Consider the listing below. Extract exactly the lines from the line containing "Supply a 3D" to the line containing "boat shoe <box>103,299,130,306</box>", both included.

+ + + + +

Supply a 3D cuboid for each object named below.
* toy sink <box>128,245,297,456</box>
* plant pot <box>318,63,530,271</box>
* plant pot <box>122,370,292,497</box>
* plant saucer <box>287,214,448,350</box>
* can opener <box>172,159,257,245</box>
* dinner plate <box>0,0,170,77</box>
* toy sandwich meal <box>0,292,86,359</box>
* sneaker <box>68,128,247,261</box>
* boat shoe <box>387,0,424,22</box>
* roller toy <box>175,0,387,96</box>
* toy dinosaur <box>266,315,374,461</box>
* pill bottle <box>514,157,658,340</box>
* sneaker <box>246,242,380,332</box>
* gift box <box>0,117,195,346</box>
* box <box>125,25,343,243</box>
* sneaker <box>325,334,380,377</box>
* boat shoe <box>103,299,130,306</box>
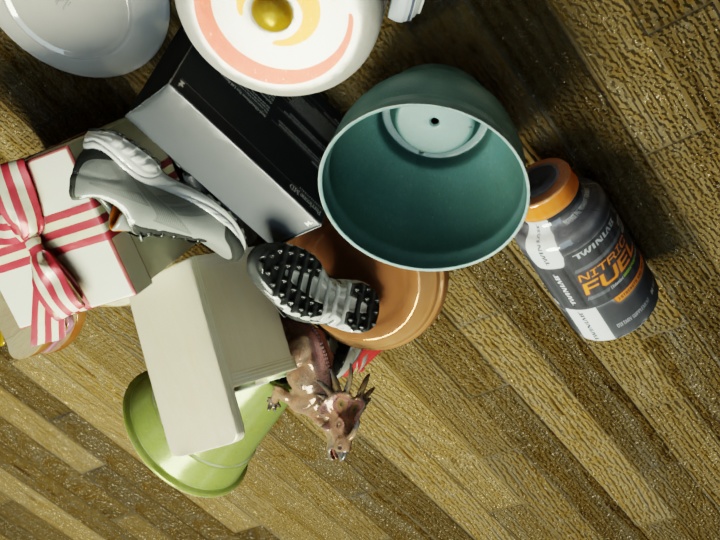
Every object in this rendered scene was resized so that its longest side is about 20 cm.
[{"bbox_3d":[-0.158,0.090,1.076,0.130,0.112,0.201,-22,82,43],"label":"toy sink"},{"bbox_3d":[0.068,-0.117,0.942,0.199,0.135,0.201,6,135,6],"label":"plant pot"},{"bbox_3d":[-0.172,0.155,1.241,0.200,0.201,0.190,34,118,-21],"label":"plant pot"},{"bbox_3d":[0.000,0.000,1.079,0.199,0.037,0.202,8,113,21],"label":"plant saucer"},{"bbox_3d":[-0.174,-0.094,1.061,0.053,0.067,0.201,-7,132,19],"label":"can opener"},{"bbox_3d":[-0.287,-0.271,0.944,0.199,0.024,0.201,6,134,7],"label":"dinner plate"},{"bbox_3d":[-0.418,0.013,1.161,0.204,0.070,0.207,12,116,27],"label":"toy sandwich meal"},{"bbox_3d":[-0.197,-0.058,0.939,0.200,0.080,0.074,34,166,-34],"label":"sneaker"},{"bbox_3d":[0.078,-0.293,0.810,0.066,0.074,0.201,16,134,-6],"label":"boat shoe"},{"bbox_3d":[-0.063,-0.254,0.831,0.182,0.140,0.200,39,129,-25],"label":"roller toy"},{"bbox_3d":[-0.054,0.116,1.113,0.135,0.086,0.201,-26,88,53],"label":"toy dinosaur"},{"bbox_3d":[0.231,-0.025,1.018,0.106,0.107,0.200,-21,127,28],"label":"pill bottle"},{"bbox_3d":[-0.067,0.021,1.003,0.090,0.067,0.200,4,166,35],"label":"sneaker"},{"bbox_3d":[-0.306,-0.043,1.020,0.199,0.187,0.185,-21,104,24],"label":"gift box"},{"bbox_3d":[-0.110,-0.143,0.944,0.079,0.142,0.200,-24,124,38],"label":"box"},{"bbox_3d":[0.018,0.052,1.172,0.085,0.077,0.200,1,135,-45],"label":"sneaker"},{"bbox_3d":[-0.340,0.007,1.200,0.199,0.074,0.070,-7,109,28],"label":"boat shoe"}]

+ + + + +

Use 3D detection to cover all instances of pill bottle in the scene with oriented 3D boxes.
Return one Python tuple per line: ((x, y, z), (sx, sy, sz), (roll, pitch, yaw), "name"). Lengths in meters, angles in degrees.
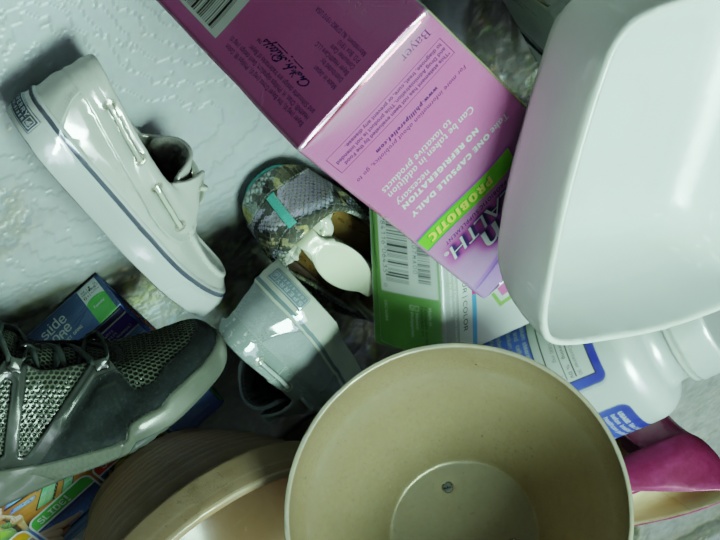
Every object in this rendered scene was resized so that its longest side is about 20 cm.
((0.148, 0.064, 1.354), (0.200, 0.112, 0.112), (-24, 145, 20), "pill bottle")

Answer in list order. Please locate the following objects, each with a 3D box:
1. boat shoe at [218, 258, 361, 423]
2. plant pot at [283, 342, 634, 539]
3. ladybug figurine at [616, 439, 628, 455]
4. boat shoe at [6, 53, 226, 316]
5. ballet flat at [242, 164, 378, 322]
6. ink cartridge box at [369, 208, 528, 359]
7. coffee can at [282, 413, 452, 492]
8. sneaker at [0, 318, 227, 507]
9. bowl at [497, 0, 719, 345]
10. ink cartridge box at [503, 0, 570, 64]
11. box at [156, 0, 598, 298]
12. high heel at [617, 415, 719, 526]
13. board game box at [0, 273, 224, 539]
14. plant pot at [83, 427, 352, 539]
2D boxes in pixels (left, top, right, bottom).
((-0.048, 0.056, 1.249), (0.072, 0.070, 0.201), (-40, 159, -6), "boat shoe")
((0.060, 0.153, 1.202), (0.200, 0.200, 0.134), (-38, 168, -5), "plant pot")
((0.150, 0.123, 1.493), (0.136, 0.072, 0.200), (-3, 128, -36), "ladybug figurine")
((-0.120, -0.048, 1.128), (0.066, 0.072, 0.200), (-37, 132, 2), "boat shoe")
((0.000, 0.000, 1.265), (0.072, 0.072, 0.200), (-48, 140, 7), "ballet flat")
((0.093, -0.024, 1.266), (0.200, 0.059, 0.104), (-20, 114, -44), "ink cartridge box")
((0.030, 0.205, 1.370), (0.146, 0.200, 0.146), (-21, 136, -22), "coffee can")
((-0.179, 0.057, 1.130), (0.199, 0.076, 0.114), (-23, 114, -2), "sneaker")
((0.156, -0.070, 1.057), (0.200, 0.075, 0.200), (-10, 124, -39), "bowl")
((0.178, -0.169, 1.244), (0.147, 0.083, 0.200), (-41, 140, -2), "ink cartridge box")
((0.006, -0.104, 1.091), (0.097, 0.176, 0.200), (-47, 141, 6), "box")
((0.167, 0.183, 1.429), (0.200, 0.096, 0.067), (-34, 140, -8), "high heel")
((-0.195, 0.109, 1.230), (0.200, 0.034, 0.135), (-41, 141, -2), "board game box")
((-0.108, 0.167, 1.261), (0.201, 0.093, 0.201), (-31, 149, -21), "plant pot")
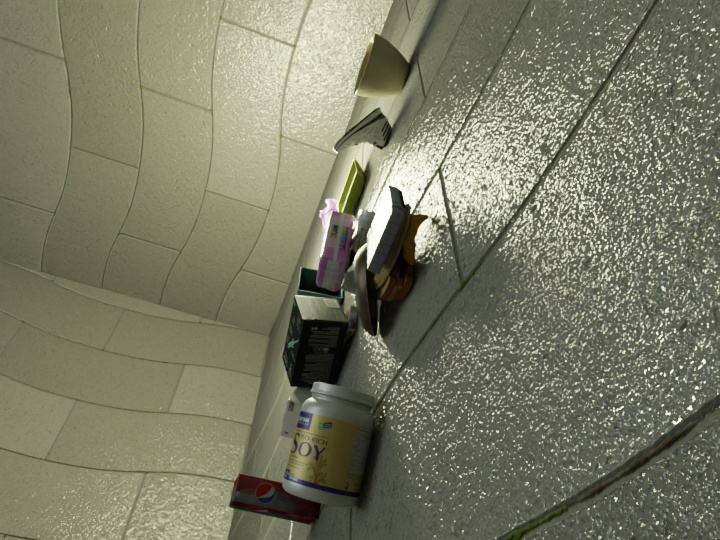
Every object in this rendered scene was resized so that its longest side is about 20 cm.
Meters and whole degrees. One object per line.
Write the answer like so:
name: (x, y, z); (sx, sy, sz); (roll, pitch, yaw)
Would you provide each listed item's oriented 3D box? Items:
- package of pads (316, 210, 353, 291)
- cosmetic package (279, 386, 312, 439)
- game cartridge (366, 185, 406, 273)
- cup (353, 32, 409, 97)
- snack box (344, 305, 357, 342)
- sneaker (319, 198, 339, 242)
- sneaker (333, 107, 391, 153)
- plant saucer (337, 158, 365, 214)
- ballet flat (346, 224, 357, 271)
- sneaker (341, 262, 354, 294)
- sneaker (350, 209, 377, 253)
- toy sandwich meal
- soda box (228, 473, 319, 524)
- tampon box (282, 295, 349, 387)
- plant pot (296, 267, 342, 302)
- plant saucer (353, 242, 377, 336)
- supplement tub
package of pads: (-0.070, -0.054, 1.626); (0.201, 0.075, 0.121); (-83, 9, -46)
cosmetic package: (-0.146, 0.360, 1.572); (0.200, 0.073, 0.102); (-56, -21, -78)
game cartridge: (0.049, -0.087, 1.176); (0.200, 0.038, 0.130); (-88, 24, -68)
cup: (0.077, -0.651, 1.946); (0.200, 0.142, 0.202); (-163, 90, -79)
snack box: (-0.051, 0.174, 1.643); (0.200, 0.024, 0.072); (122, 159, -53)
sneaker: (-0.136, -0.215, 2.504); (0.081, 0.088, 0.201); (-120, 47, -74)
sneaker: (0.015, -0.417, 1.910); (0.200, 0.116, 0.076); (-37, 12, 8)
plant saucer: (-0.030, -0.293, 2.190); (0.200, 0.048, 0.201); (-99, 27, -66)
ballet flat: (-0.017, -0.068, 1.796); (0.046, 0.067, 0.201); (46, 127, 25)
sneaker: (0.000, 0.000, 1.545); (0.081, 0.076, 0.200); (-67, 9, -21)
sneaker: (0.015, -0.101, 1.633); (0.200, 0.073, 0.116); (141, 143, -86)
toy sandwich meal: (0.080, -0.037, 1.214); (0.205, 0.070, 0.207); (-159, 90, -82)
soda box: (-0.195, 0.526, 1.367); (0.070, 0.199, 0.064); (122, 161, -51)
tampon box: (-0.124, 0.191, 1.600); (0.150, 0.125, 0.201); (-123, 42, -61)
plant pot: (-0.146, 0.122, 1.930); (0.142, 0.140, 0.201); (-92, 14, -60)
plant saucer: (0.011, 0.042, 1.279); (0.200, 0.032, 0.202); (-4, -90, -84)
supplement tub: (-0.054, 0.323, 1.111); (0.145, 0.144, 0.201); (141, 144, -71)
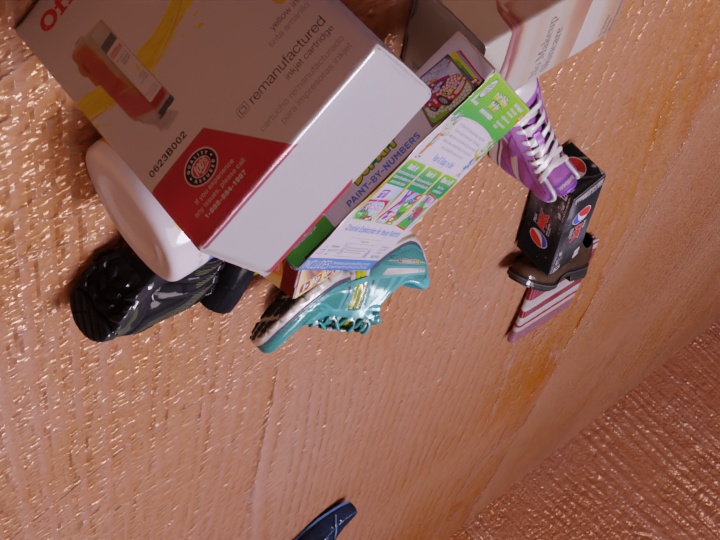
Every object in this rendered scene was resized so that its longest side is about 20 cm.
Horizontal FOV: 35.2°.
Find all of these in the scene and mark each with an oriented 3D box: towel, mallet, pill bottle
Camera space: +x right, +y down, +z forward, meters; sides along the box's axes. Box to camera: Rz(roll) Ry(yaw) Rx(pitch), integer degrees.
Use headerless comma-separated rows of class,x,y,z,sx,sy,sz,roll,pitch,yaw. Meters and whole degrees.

+ + + + +

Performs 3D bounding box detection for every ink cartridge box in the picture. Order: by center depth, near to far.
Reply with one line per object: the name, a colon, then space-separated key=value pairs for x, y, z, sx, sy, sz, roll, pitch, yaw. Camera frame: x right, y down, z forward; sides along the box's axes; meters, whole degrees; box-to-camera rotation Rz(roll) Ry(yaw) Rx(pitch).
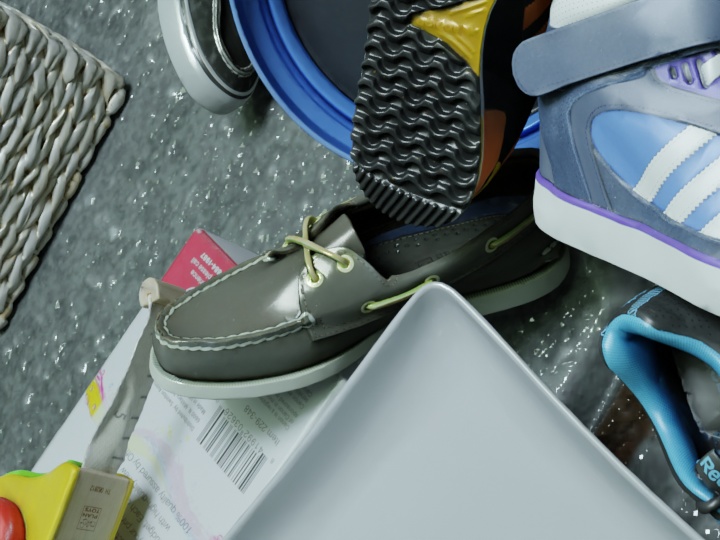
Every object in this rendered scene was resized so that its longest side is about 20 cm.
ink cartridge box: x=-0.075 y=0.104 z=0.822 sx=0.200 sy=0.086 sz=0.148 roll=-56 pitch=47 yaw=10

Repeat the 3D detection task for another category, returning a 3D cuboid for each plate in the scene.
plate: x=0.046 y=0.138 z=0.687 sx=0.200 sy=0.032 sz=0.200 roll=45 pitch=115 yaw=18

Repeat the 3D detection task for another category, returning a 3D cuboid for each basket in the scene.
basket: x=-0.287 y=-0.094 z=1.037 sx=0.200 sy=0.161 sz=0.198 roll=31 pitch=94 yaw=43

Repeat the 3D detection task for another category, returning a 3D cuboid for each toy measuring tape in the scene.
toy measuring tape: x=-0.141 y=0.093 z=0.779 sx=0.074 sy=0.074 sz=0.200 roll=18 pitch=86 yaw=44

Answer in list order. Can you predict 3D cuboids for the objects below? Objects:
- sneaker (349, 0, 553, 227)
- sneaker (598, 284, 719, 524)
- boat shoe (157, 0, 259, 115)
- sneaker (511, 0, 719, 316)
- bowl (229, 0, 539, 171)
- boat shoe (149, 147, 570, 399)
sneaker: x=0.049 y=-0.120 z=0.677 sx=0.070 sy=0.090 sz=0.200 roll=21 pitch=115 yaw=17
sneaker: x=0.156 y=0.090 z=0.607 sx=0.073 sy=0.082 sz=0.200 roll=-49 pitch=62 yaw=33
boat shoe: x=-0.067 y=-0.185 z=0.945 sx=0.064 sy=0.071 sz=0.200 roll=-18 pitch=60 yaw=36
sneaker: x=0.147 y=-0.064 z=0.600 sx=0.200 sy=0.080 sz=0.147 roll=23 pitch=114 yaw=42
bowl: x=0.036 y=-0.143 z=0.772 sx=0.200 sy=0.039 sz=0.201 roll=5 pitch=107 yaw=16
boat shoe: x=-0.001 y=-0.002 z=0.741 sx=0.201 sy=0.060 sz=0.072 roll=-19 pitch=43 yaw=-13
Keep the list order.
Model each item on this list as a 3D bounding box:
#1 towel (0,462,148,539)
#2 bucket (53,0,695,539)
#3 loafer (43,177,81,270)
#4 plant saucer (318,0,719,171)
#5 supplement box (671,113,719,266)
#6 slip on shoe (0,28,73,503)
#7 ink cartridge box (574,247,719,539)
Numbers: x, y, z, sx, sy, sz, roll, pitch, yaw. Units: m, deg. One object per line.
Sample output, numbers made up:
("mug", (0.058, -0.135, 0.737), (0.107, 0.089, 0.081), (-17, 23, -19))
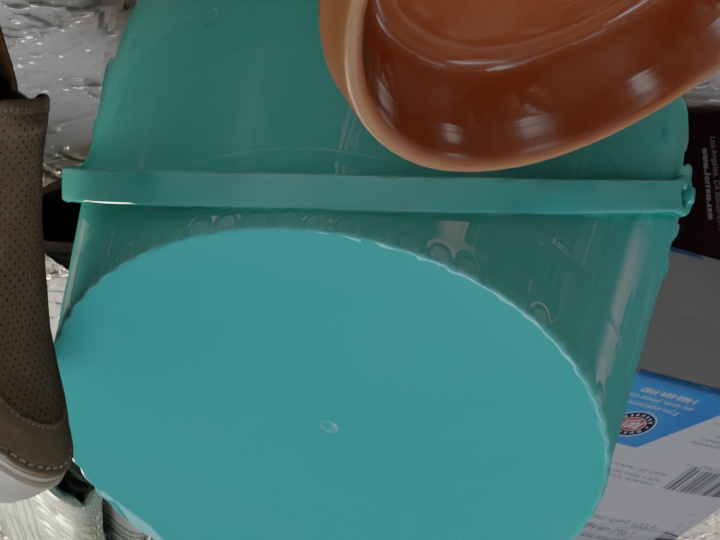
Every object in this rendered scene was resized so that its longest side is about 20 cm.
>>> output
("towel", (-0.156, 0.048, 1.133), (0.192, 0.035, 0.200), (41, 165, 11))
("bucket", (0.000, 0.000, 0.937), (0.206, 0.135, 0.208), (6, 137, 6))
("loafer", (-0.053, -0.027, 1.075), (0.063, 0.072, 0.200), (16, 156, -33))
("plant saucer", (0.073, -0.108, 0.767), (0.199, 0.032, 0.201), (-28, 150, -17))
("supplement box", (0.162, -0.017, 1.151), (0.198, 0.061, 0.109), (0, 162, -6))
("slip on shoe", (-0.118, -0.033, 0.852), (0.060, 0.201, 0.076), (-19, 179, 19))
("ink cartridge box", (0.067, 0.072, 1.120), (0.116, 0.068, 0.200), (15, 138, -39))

+ + + + +

- Written answer:
Supply a 3D cuboid for each object named below.
* toy sink <box>128,245,297,456</box>
* plant pot <box>318,63,530,271</box>
* plant pot <box>122,370,292,497</box>
* plant saucer <box>287,214,448,350</box>
* can opener <box>172,159,257,245</box>
* dinner plate <box>0,0,170,77</box>
* toy sandwich meal <box>0,292,86,359</box>
* sneaker <box>68,128,247,261</box>
* boat shoe <box>387,0,424,22</box>
* roller toy <box>175,0,387,96</box>
* toy dinosaur <box>266,315,374,461</box>
* pill bottle <box>514,157,658,340</box>
* sneaker <box>246,242,380,332</box>
* gift box <box>0,117,195,346</box>
* box <box>125,25,343,243</box>
* sneaker <box>325,334,380,377</box>
* boat shoe <box>103,299,130,306</box>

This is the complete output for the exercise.